Piazza Rosa was condemned to make way for the construction of the Galleria Colonna (c. 1910) and his mother's restaurant was forced to close. Di Lelio subsequently opened his own restaurant on the via della Scrofa (c. 1914). Following a visit to Ristorante Alfredo by the American actors Mary Pickford and Douglas Fairbanks – who, at the time of his visit in the early 1920s was known as "The King of Hollywood", Alfredo began to serve his signature dish using a golden fork and spoon bearing the inscription "To Alfredo the King of the noodles" (said to have been a gift from the famous Hollywood couple in gratitude for Alfredo's hospitality). Di Lelio's fame and success grew (he was knighted by the King of Italy, making him a Cavaliere dell'Ordine della Corona d'Italia) until war rationing made it increasingly difficult to obtain flour, eggs, and butter. He sold the restaurant to two of his waiters for the war, in 1943.

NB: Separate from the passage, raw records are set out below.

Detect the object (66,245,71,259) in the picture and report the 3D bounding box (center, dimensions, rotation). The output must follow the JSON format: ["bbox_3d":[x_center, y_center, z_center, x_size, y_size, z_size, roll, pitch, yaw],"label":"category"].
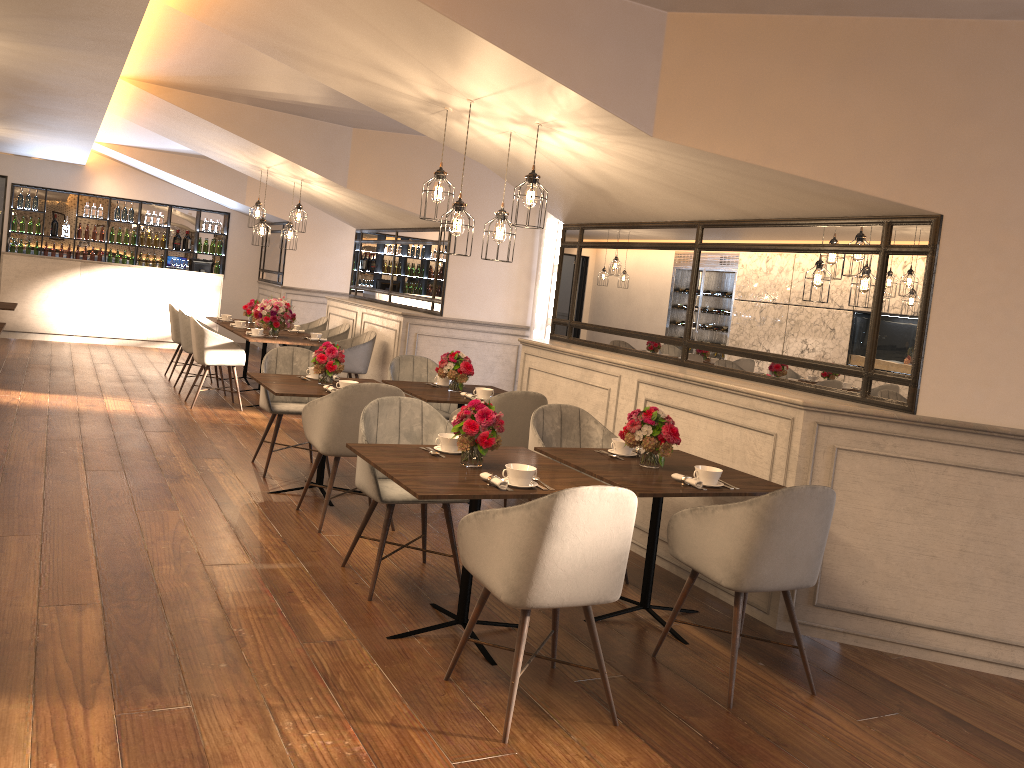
[{"bbox_3d":[-7.141,-2.122,14.273,0.066,0.261,0.065,9,4,41],"label":"object"}]

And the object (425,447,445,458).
[{"bbox_3d":[-0.338,0.305,3.946,0.022,0.004,0.212,3,7,-28],"label":"object"}]

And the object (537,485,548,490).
[{"bbox_3d":[0.084,0.396,3.543,0.022,0.004,0.212,3,7,-28],"label":"object"}]

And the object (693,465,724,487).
[{"bbox_3d":[0.866,0.410,3.919,0.149,0.072,0.148,10,6,30],"label":"object"}]

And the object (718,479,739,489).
[{"bbox_3d":[0.954,0.441,3.990,0.043,0.015,0.198,3,7,-31],"label":"object"}]

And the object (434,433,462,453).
[{"bbox_3d":[-0.277,0.271,4.004,0.149,0.072,0.148,10,6,30],"label":"object"}]

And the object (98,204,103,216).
[{"bbox_3d":[-6.687,-2.823,14.397,0.069,0.208,0.040,5,3,-28],"label":"object"}]

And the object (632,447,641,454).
[{"bbox_3d":[0.656,0.341,4.495,0.056,0.039,0.176,4,7,-28],"label":"object"}]

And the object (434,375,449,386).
[{"bbox_3d":[-0.499,-0.023,6.496,0.149,0.072,0.148,10,6,30],"label":"object"}]

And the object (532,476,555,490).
[{"bbox_3d":[0.119,0.394,3.553,0.043,0.015,0.198,3,7,-31],"label":"object"}]

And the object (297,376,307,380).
[{"bbox_3d":[-1.421,-0.045,5.995,0.043,0.015,0.198,4,7,-24],"label":"object"}]

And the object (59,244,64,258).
[{"bbox_3d":[-7.238,-2.128,14.222,0.066,0.261,0.065,9,4,41],"label":"object"}]

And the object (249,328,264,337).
[{"bbox_3d":[-2.557,-0.514,8.882,0.148,0.072,0.148,8,6,15],"label":"object"}]

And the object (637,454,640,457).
[{"bbox_3d":[0.629,0.348,4.471,0.025,0.024,0.194,4,6,-28],"label":"object"}]

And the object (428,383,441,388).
[{"bbox_3d":[-0.559,0.011,6.438,0.022,0.004,0.212,3,7,-28],"label":"object"}]

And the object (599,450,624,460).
[{"bbox_3d":[0.497,0.353,4.383,0.022,0.004,0.212,3,7,-28],"label":"object"}]

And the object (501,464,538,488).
[{"bbox_3d":[0.031,0.362,3.482,0.149,0.072,0.148,10,6,30],"label":"object"}]

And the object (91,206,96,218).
[{"bbox_3d":[-6.780,-2.792,14.352,0.070,0.189,0.041,5,3,-28],"label":"object"}]

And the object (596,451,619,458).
[{"bbox_3d":[0.470,0.345,4.377,0.043,0.015,0.198,4,7,-24],"label":"object"}]

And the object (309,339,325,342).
[{"bbox_3d":[-2.011,-0.454,9.122,0.192,0.024,0.025,3,5,-28],"label":"object"}]

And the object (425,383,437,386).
[{"bbox_3d":[-0.586,0.003,6.432,0.043,0.015,0.198,4,7,-24],"label":"object"}]

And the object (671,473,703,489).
[{"bbox_3d":[0.764,0.421,3.867,0.056,0.039,0.176,4,7,-28],"label":"object"}]

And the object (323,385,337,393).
[{"bbox_3d":[-1.127,0.032,5.485,0.056,0.039,0.176,4,7,-28],"label":"object"}]

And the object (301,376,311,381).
[{"bbox_3d":[-1.394,-0.037,6.002,0.022,0.004,0.212,3,7,-28],"label":"object"}]

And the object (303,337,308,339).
[{"bbox_3d":[-2.108,-0.478,9.288,0.197,0.015,0.043,3,7,-31],"label":"object"}]

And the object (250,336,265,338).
[{"bbox_3d":[-2.502,-0.468,8.827,0.210,0.004,0.022,3,7,-28],"label":"object"}]

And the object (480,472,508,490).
[{"bbox_3d":[-0.071,0.373,3.430,0.056,0.039,0.176,4,7,-28],"label":"object"}]

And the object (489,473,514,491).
[{"bbox_3d":[-0.046,0.380,3.455,0.025,0.024,0.194,4,6,-28],"label":"object"}]

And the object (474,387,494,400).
[{"bbox_3d":[-0.190,0.068,5.974,0.149,0.072,0.148,10,6,30],"label":"object"}]

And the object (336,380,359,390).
[{"bbox_3d":[-1.025,0.021,5.537,0.149,0.072,0.148,10,6,30],"label":"object"}]

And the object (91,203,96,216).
[{"bbox_3d":[-6.776,-2.828,14.350,0.069,0.208,0.040,5,3,-28],"label":"object"}]

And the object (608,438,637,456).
[{"bbox_3d":[0.558,0.319,4.441,0.149,0.072,0.148,10,6,30],"label":"object"}]

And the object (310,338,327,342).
[{"bbox_3d":[-1.986,-0.455,9.095,0.175,0.039,0.056,3,6,-28],"label":"object"}]

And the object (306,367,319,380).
[{"bbox_3d":[-1.333,-0.071,6.059,0.149,0.072,0.148,10,6,30],"label":"object"}]

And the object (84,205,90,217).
[{"bbox_3d":[-6.869,-2.797,14.306,0.070,0.189,0.041,5,3,-28],"label":"object"}]

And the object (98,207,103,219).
[{"bbox_3d":[-6.691,-2.787,14.398,0.070,0.189,0.041,5,3,-28],"label":"object"}]

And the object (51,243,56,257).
[{"bbox_3d":[-7.336,-2.133,14.171,0.066,0.261,0.065,9,4,41],"label":"object"}]

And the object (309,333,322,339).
[{"bbox_3d":[-2.036,-0.489,9.195,0.148,0.072,0.148,8,6,15],"label":"object"}]

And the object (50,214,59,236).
[{"bbox_3d":[-7.306,-2.541,14.147,0.104,0.358,0.103,9,4,34],"label":"object"}]

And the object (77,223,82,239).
[{"bbox_3d":[-6.989,-2.475,14.314,0.066,0.261,0.065,9,4,41],"label":"object"}]

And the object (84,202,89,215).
[{"bbox_3d":[-6.865,-2.833,14.304,0.069,0.208,0.040,5,3,-28],"label":"object"}]

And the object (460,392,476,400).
[{"bbox_3d":[-0.292,0.079,5.922,0.056,0.039,0.176,4,7,-28],"label":"object"}]

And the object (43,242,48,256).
[{"bbox_3d":[-7.434,-2.139,14.120,0.066,0.261,0.065,9,4,41],"label":"object"}]

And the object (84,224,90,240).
[{"bbox_3d":[-6.891,-2.469,14.365,0.066,0.261,0.065,9,4,41],"label":"object"}]

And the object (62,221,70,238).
[{"bbox_3d":[-7.161,-2.493,14.220,0.108,0.281,0.108,8,3,18],"label":"object"}]

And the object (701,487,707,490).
[{"bbox_3d":[0.789,0.428,3.892,0.025,0.024,0.194,4,6,-28],"label":"object"}]

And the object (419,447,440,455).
[{"bbox_3d":[-0.365,0.297,3.940,0.043,0.015,0.198,4,7,-24],"label":"object"}]

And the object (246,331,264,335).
[{"bbox_3d":[-2.611,-0.514,8.983,0.175,0.039,0.056,3,6,-28],"label":"object"}]

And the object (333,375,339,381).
[{"bbox_3d":[-1.235,-0.048,6.113,0.056,0.039,0.176,4,7,-28],"label":"object"}]

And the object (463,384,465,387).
[{"bbox_3d":[-0.400,-0.001,6.550,0.056,0.039,0.176,4,7,-28],"label":"object"}]

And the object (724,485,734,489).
[{"bbox_3d":[0.919,0.444,3.980,0.022,0.004,0.212,3,7,-28],"label":"object"}]

After the war, in 1950, Di Lelio opened a new restaurant in Piazza Augusto Imperatore with his son Armando. He vigorously promoted the restaurant by creating a celebrity wall of fettuccine themed photographs showing himself (in humorous poses, with his pasta and gold cutlery) serving dignitaries, politicians, famous musicians and film stars such as James Stewart, Bob Hope, Anthony Quinn, Bing Crosby, Gary Cooper, Jack Lemmon, Ava Gardner, Tyrone Power, Ronald Reagan, Sophia Loren, Cantinflas, and many others. The dish was so well known that Di Lelio was invited to demonstrate it both in Italy and abroad. The fame of the dish, by this time called maestosissime fettuccine all'Alfredo on Alfredo's menus, was heightened by the tableside "spectacle reminiscent of grand opera" during its preparation, "in a ritual of extraordinary theatricality".
Both the old restaurant (now called Alfredo alla Scrofa), and the post-war iteration (known as Il Vero Alfredo and still run by the Di Lelio family) serve "fettuccine Alfredo" and compete vigorously, with escalating puffery (e.g., "the king of fettuccine", "the real king of fettuccine", "the magician of fettuccine", "the emperor of fettuccine", "the real Alfredo", etc.). In 1981, there were about 50 restaurants in Rome selling similar fettuccine dishes, mostly called fettuccine alla romana.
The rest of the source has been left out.